You can use target_locator.launch to test on each pose of the trajectory if the target can be located. If it is not, make sure that the image exposure is correct and that you are not too far/close from the target.
In the yaml directory you will find the calibration target definition and a corresponding SVG file ready for printing.
Performing the extrinsic calibration
- Make sure the SLS-2 is calibrated (with the David software)
- Make sure that the angle/distance of the real SLS-2 matches the simulated one
- Make sure you have up-to-date values in your mutable joint state files that matches reality
- Make sure the trajectory is collision free and each pose allows to locate the target. You should have at least 10 poses.
- Make sure the target definition matches the real one
- Make sure the printed target dimensions are correct
Before launching the calibration, start the robot and the driver, put the robot in auto mode and make sure ROS is able to communicate both with the robot and the sensor.
Launch the procedure:
roslaunch fanuc_r1000ia_sls_2_grinding_resources calibrate_sls_2_r1000ia_grinding.launch davidSDK_ip:=192.168.100.43 robot_ip:=192.168.100.200 sim:=false
In a second terminal:
rosservice call /calibration_service "allowable_cost_per_observation: 2.0"
The robot will start moving around the target and the terminal display information about each pose capture.

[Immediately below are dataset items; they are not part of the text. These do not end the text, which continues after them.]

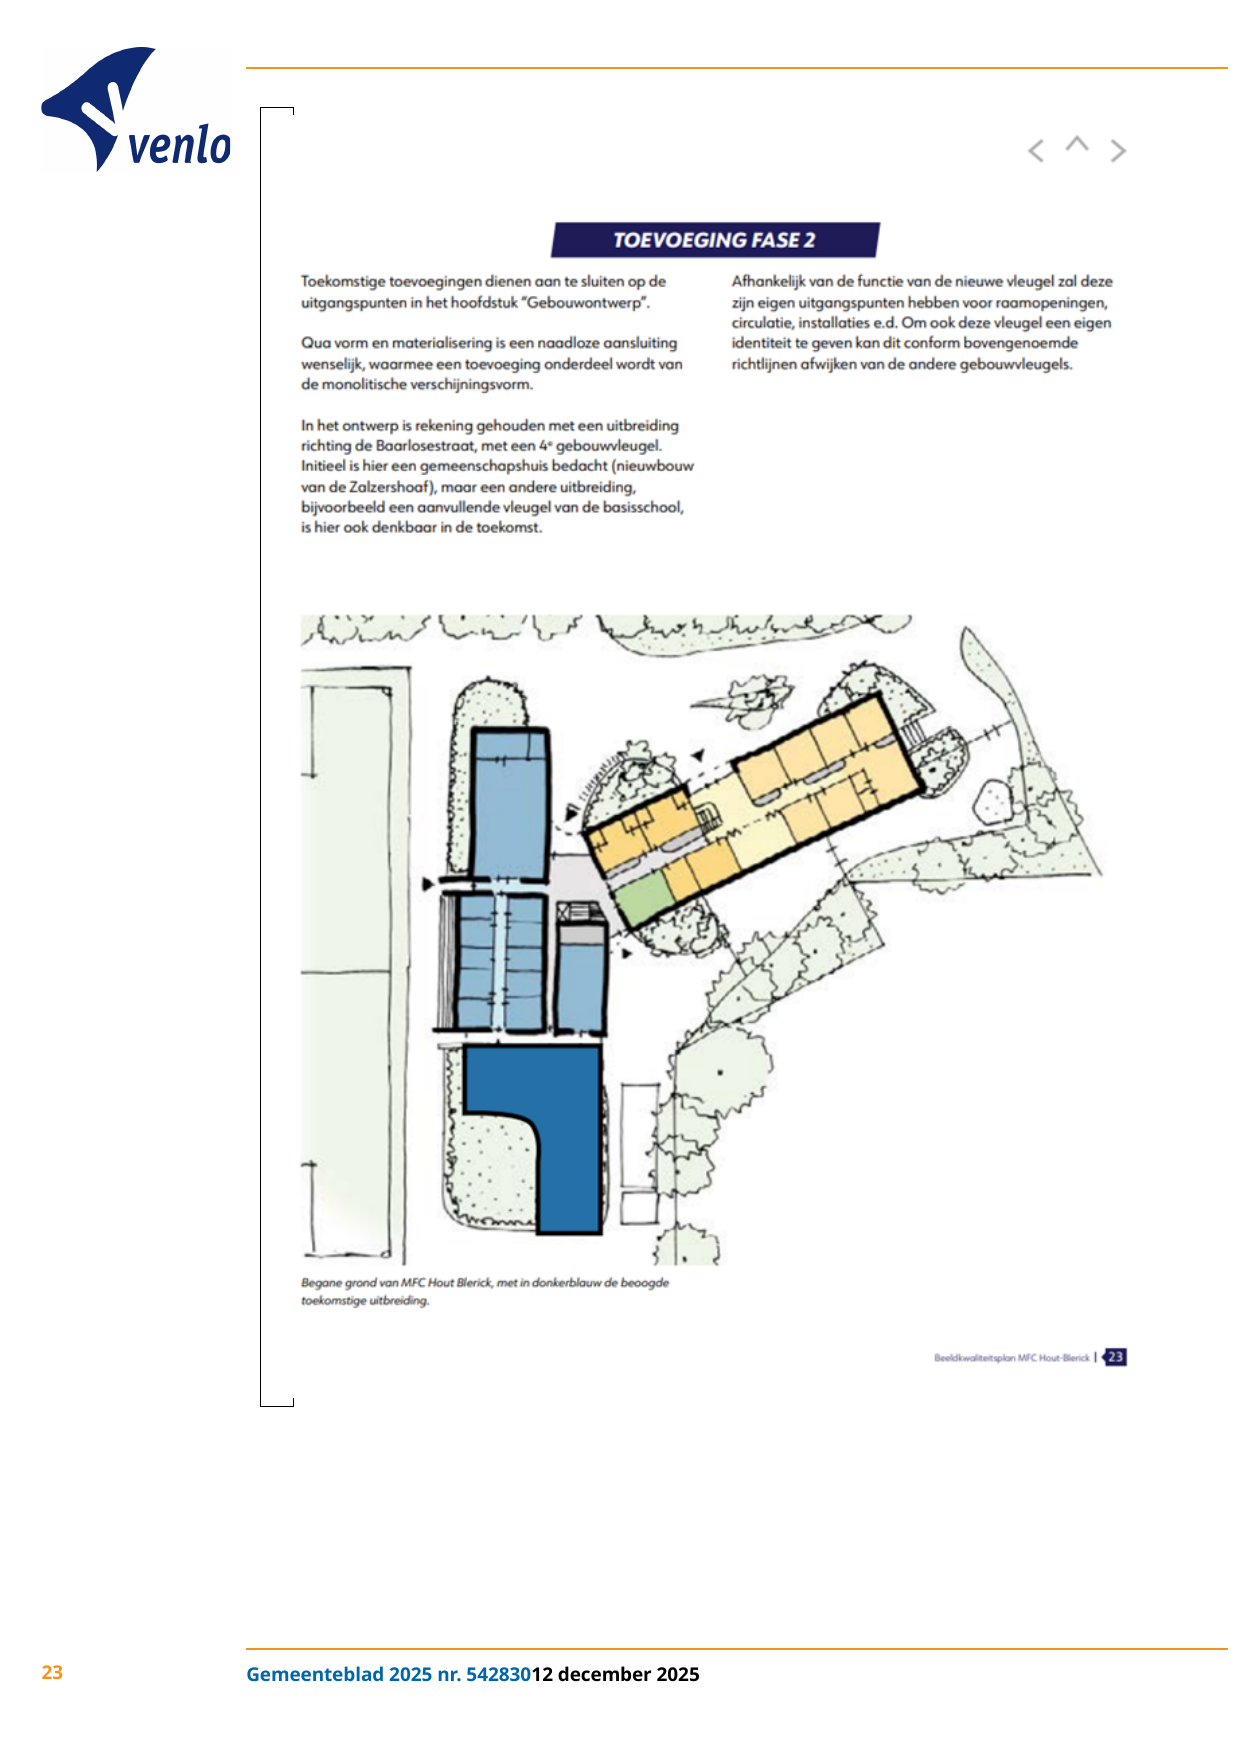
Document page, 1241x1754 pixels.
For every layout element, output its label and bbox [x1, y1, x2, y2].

picture [268, 115, 1173, 1398]
picture [41, 47, 231, 172]
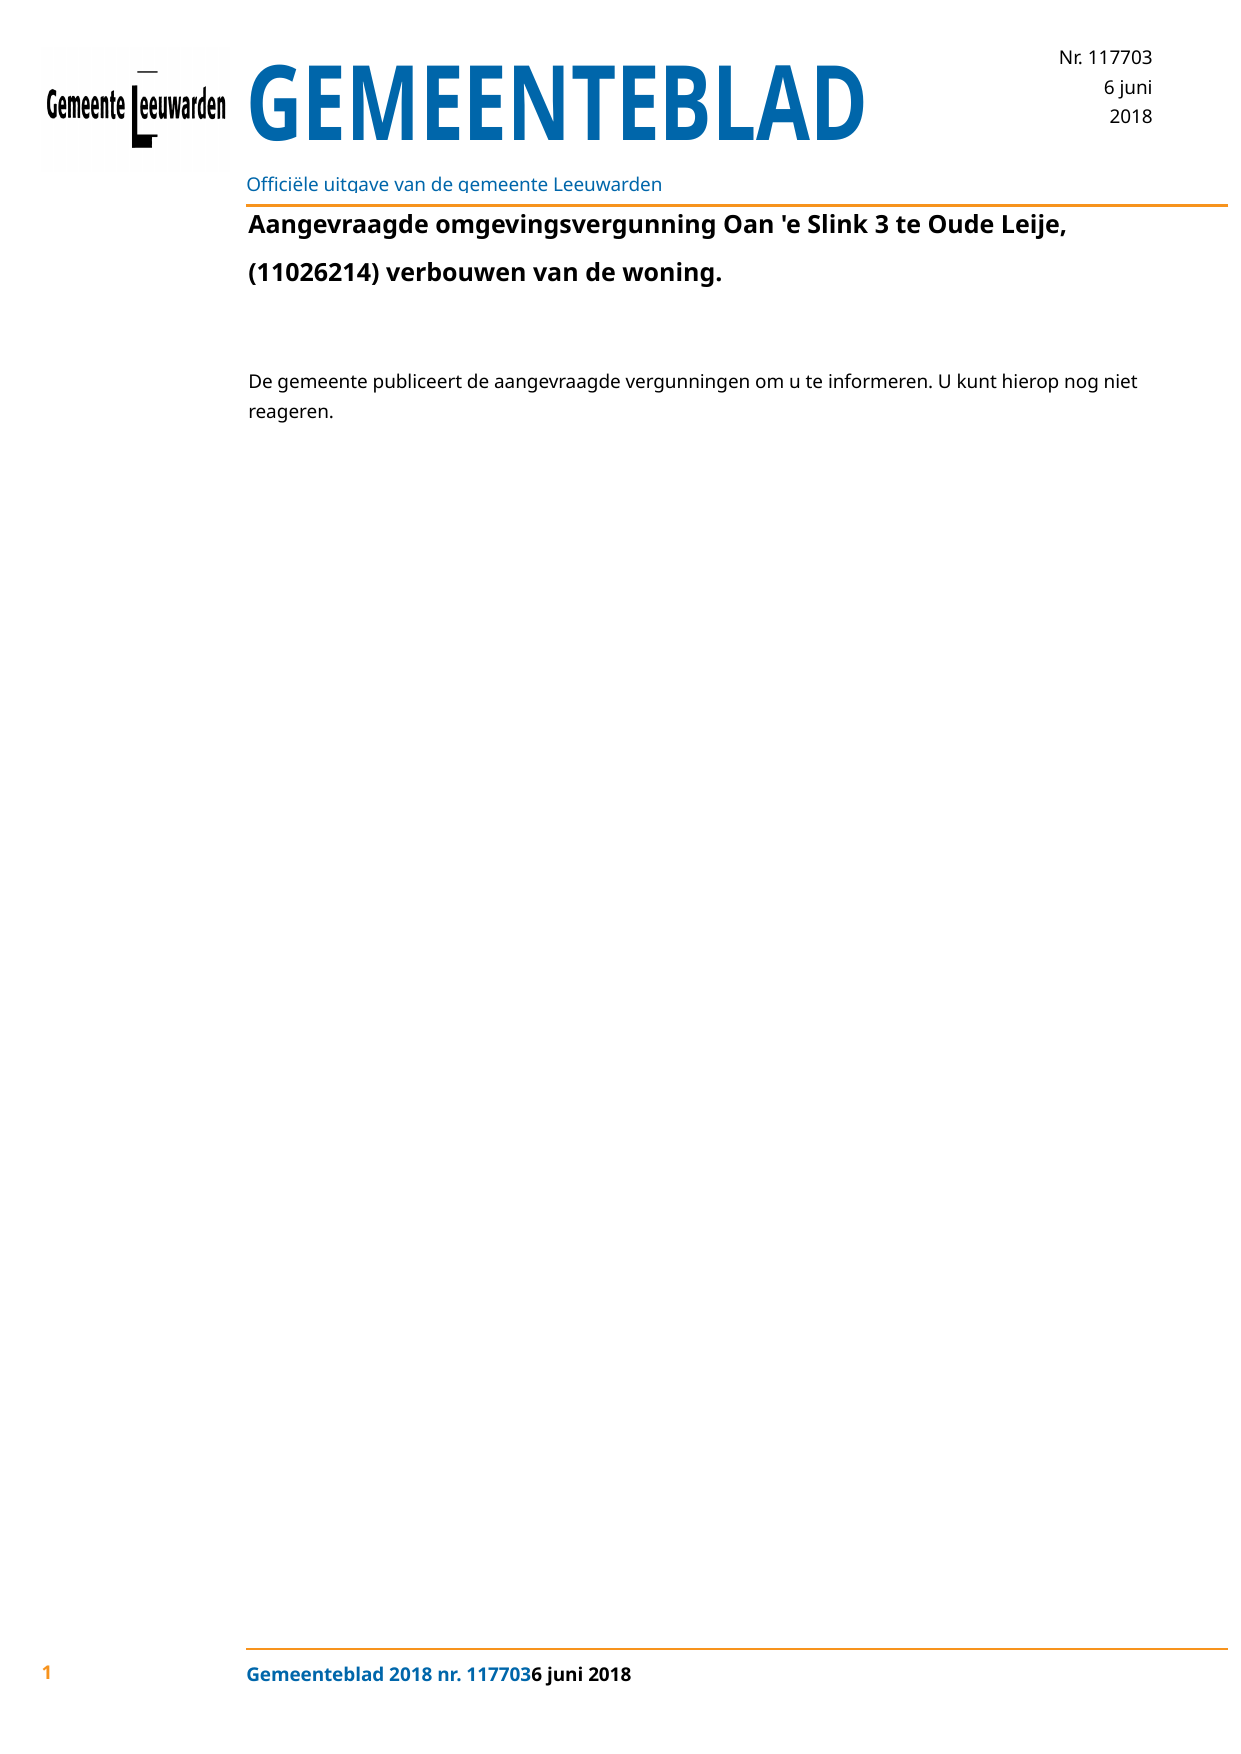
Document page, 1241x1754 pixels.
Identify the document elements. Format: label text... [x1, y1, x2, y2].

text De gemeente publiceert de aangevraagde vergunningen om u te informeren. U kunt hierop nog niet reageren. [248, 368, 1152, 424]
text Aangevraagde omgevingsvergunning Oan 'e Slink 3 te Oude Leije, (11026214) verbouwen van de woning. [248, 207, 1152, 288]
picture [41, 47, 231, 172]
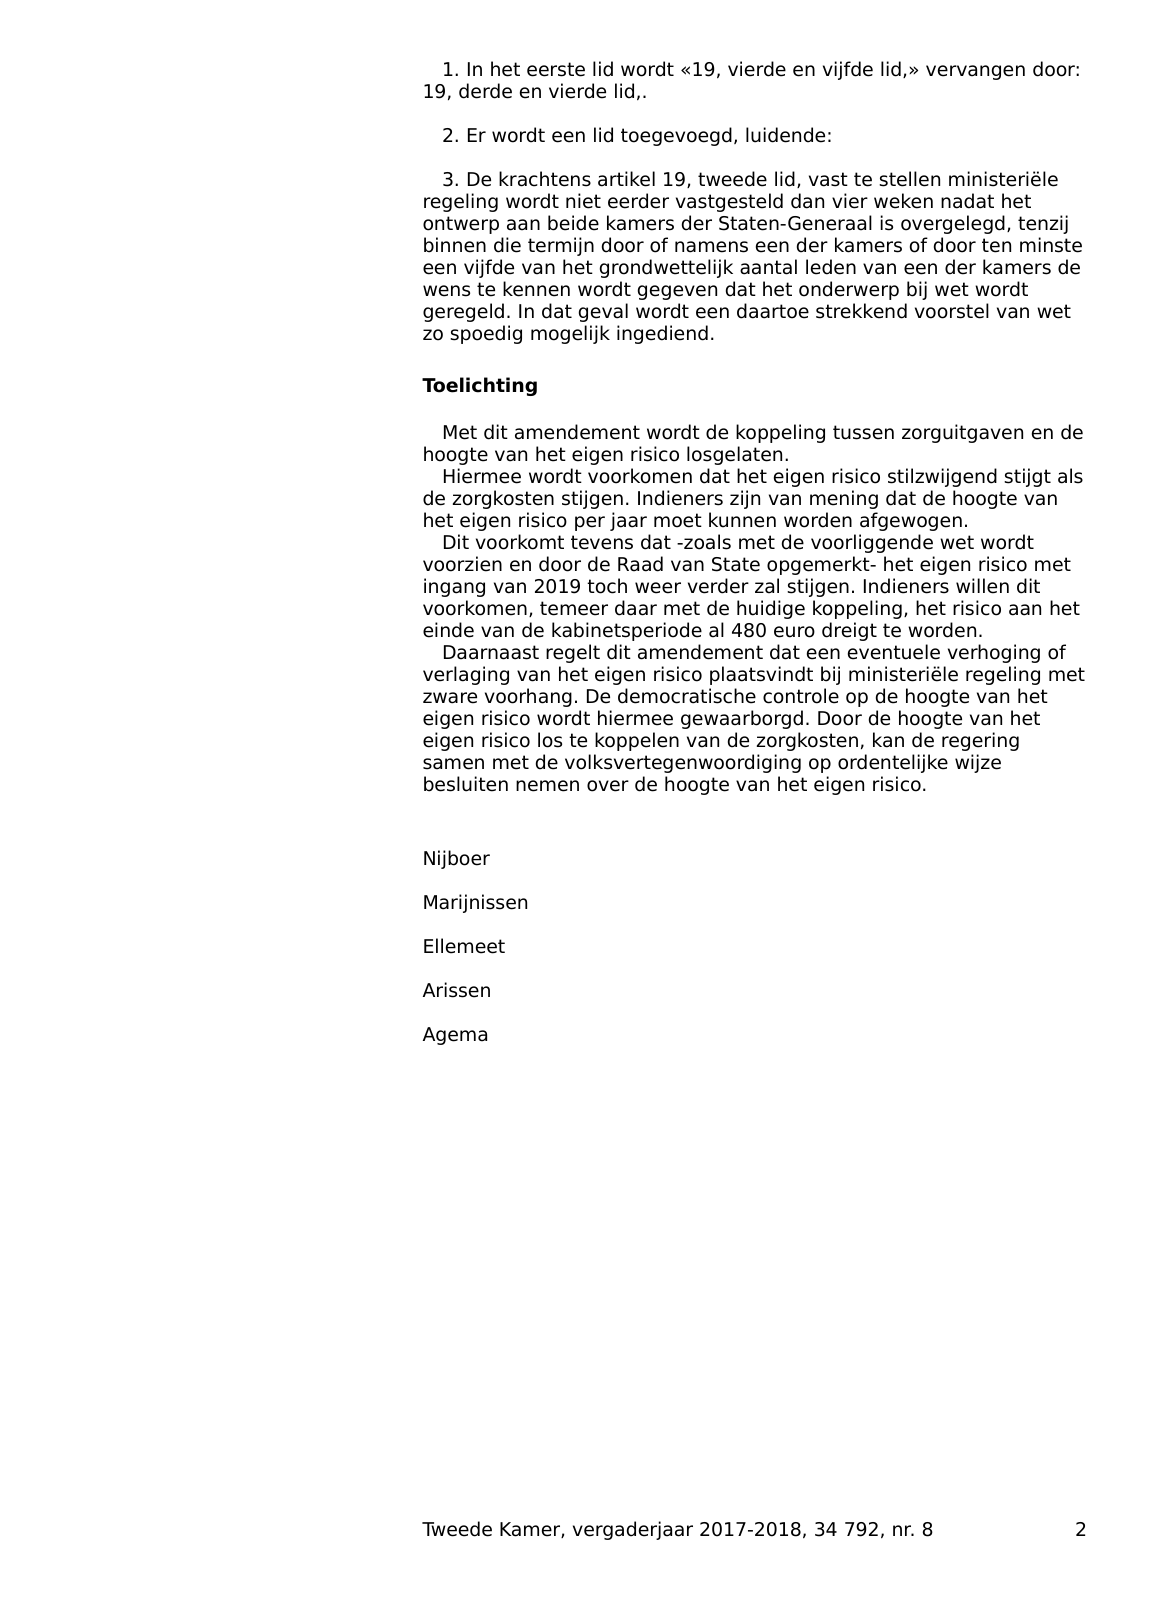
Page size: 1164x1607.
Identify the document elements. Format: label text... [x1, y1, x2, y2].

text Hiermee wordt voorkomen dat het eigen risico stilzwijgend stijgt als de zorgkosten stijgen. Indieners zijn van mening dat de hoogte van het eigen risico per jaar moet kunnen worden afgewogen. [422, 466, 1087, 532]
text 3. De krachtens artikel 19, tweede lid, vast te stellen ministeriële regeling wordt niet eerder vastgesteld dan vier weken nadat het ontwerp aan beide kamers der Staten-Generaal is overgelegd, tenzij binnen die termijn door of namens een der kamers of door ten minste een vijfde van het grondwettelijk aantal leden van een der kamers de wens te kennen wordt gegeven dat het onderwerp bij wet wordt geregeld. In dat geval wordt een daartoe strekkend voorstel van wet zo spoedig mogelijk ingediend. [422, 169, 1087, 345]
text Dit voorkomt tevens dat -zoals met de voorliggende wet wordt voorzien en door de Raad van State opgemerkt- het eigen risico met ingang van 2019 toch weer verder zal stijgen. Indieners willen dit voorkomen, temeer daar met de huidige koppeling, het risico aan het einde van de kabinetsperiode al 480 euro dreigt te worden. [422, 532, 1087, 642]
text 2. Er wordt een lid toegevoegd, luidende: [422, 125, 1087, 147]
text 1. In het eerste lid wordt «19, vierde en vijfde lid,» vervangen door: 19, derde en vierde lid,. [422, 59, 1087, 103]
text Met dit amendement wordt de koppeling tussen zorguitgaven en de hoogte van het eigen risico losgelaten. [422, 422, 1087, 466]
text Daarnaast regelt dit amendement dat een eventuele verhoging of verlaging van het eigen risico plaatsvindt bij ministeriële regeling met zware voorhang. De democratische controle op de hoogte van het eigen risico wordt hiermee gewaarborgd. Door de hoogte van het eigen risico los te koppelen van de zorgkosten, kan de regering samen met de volksvertegenwoordiging op ordentelijke wijze besluiten nemen over de hoogte van het eigen risico. [422, 642, 1087, 796]
subtitle Toelichting [422, 375, 1087, 397]
text Nijboer Marijnissen Ellemeet Arissen Agema [422, 826, 1087, 1046]
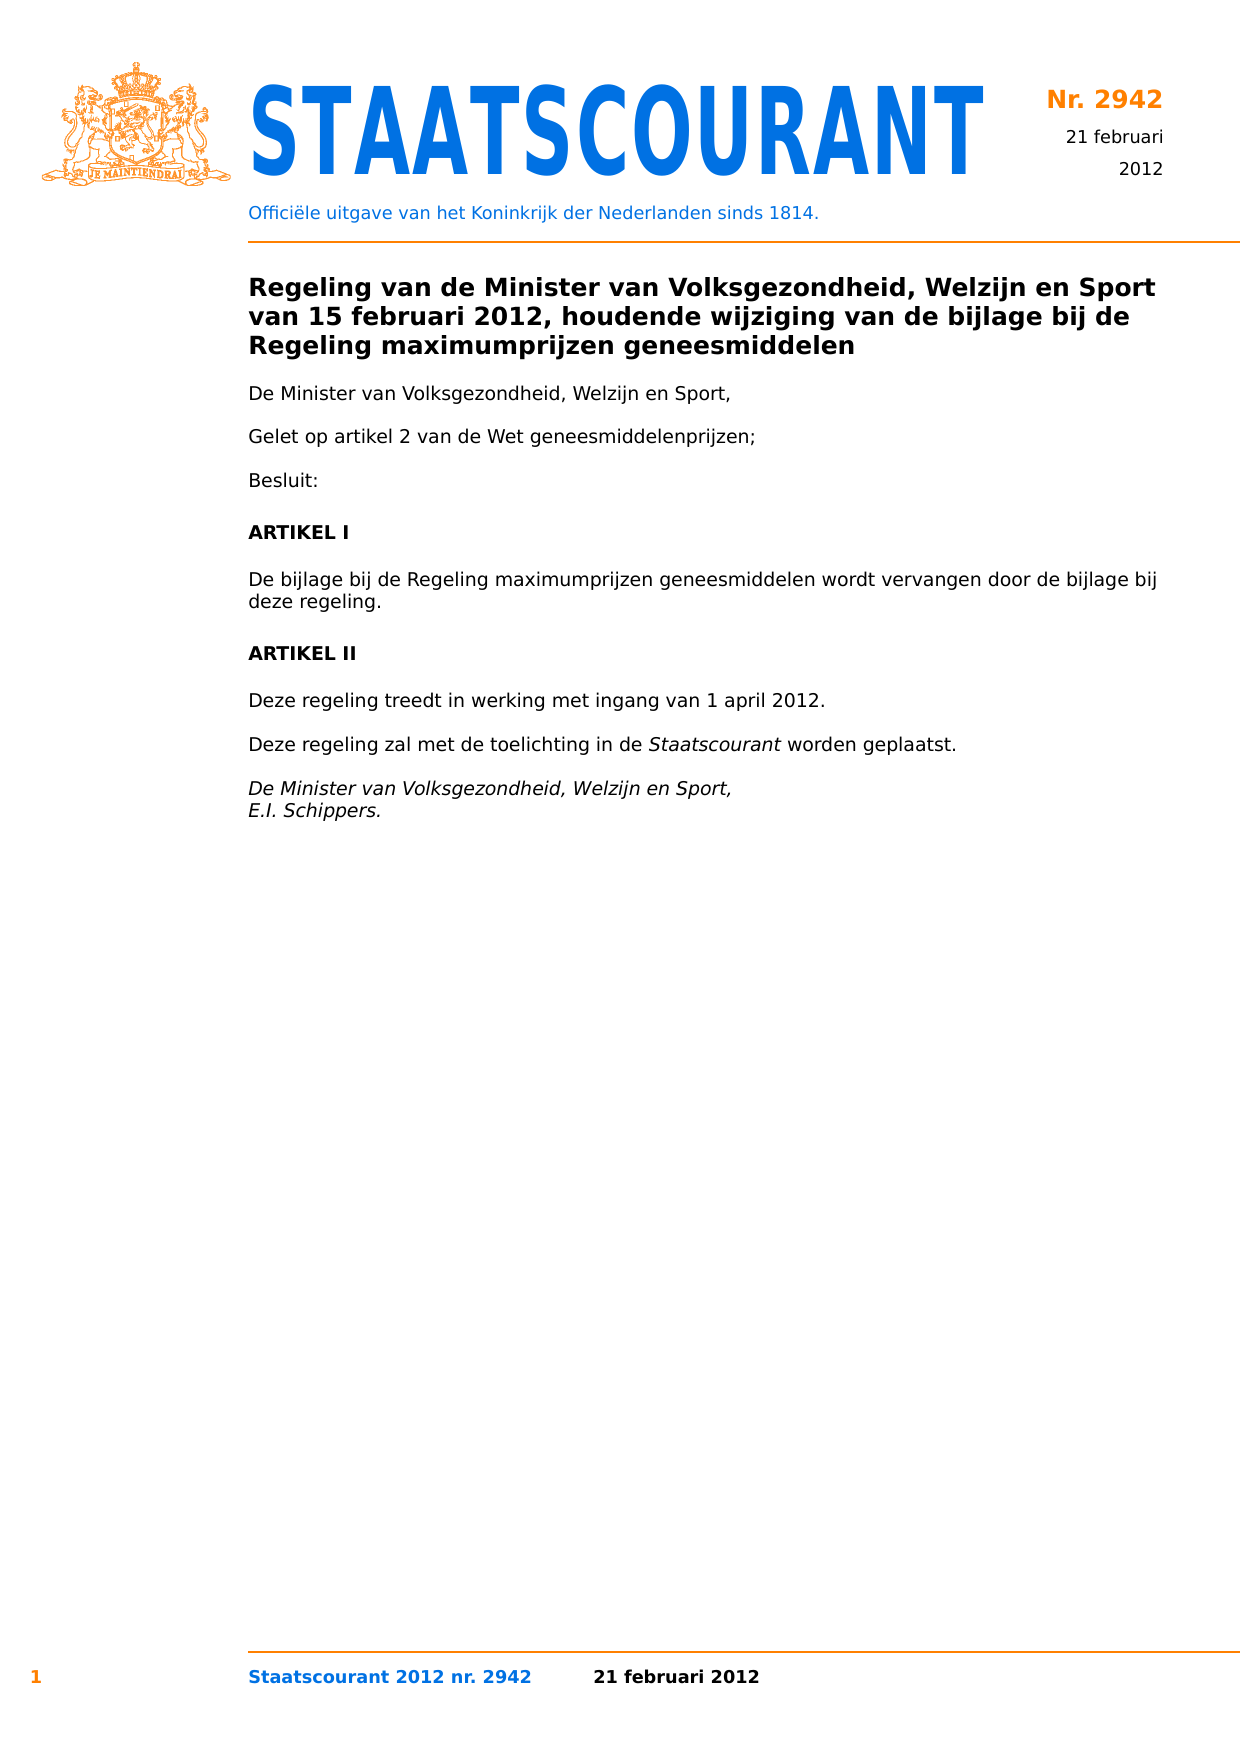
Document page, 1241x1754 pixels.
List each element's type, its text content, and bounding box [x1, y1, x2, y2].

text De Minister van Volksgezondheid, Welzijn en Sport, E.I. Schippers. [248, 778, 1163, 822]
text Deze regeling treedt in werking met ingang van 1 april 2012. [248, 690, 1163, 712]
table_cell 2012 [998, 153, 1240, 203]
text Gelet op artikel 2 van de Wet geneesmiddelenprijzen; [248, 426, 1163, 448]
text Besluit: [248, 470, 1163, 492]
table_cell Officiële uitgave van het Koninkrijk der Nederlanden sinds 1814. [248, 203, 1240, 241]
table_header [25, 62, 248, 241]
table_cell 21 februari [998, 121, 1240, 153]
table_header STAATSCOURANT [248, 62, 998, 203]
subtitle Regeling van de Minister van Volksgezondheid, Welzijn en Sport van 15 februari 2012, houdende wijziging van de bijlage bij de Regeling maximumprijzen geneesmiddelen [248, 273, 1163, 361]
text De Minister van Volksgezondheid, Welzijn en Sport, [248, 382, 1163, 404]
picture [41, 62, 231, 186]
table_header Nr. 2942 [998, 62, 1240, 121]
subtitle ARTIKEL I [248, 522, 1163, 544]
text De bijlage bij de Regeling maximumprijzen geneesmiddelen wordt vervangen door de bijlage bij deze regeling. [248, 569, 1163, 613]
subtitle ARTIKEL II [248, 643, 1163, 665]
text Deze regeling zal met de toelichting in de Staatscourant worden geplaatst. [248, 734, 1163, 756]

At the end of the job, the mutable joint state publisher values are updated and you will see the sensor moving in RViz. If the orientation or translation of the sensor dramatically changed then something is wrong either with your initial mutable joint states values or with the extrinsic calibration results.
The new mutable joint states values are copied in the terminal and a new file is created in the yaml directory. However it is your job to update the values with the new one (if they are satisfying.
Troubleshooting:
- Make sure all poses leaded to a target being detected
- Make sure to have at least 10 successful targets captured
- Make sure the robot stopped at least 1 sec before capturing the image (the robot might vibrate)
- Make sure the sensor settings have not changed (perform a calibration with the David SDK software and copy the values again if not sure)